When the Datadog alert is converted to the Log Service alert, the value of the tags field that is included in the labels field is split into multiple strings by commas (,).
  • If a string is in the Key:Value format, two underscores (__) are added before and after the key.
  • If a string is not in the Key:Value format, the string is automatically converted into the Key:Value format. The key is __string__, and the value is string.
For example, "ali,host:1a2b3c4d" is split into the following content:
{
    "__ali__": "ali",
    "__host__": "1a2b3c4d"
}

In the Datadog alert, the labels field may contain unused fields whose values are not null.

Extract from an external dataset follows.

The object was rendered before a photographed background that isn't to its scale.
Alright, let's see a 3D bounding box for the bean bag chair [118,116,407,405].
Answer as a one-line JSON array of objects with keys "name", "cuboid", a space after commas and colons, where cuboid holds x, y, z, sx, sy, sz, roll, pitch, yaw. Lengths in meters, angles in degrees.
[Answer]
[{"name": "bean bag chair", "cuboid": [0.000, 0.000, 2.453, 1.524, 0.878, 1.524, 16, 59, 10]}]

These fields and their values are added to the labels field in the Log Service alert.

annotations annotations The annotations of the alert. After the Datadog alert is ingested into Log Service, the following fields are added to the annotations field in the Log Service alert:
  • desc: the description of the alert content. The description is the value of the event_msg field in the Datadog alert.
  • title: the title of the alert. The title is the value of the event_title field in the Datadog alert.

The following fields are generated by parsing the text_only_msg field in the Datadog alert:

  • __link_metric_graph__: the URL of the metric chart.
  • __link_monitor_status__: the URL used to query the status of the alert monitoring rule.
  • __link_edit_monitor__: the URL used to edit the alert monitoring rule.
  • __link_view_{$hostname}__: the URL used to view the status of the monitored host. {$hostname} is the name of the monitored host.
  • __link_show_process__: the URL used to view the running processes of the monitored host.

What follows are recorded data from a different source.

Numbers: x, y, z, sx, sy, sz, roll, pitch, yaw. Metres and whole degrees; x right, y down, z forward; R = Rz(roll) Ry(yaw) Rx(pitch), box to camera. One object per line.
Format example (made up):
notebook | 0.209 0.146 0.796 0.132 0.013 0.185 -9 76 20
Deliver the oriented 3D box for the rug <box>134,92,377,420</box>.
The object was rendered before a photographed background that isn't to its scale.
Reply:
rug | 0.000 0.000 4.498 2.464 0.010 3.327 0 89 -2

In the Datadog alert, the annotations field may contain unused fields whose values are not null. These fields and their values are added to the annotations field in the Log Service alert.

severity severity The severity of the alert. The following list describes the severity mappings between Datadog and Log Service alerts:
  • P1: Critical
  • P2: High
  • P3: Medium
  • P4: Low
  • P5: Report
Note If no severity is defined in the Datadog alert, the severity of the Log Service alert is Medium.
policy None The alert policy that is specified for the alert ingestion application. For more information, see Data structure of the policy variable.
project None The project to which Alert Center belongs. For more information, see Project.
dirll_down_query dirll_down_query The link to the management page of Datadog alerts.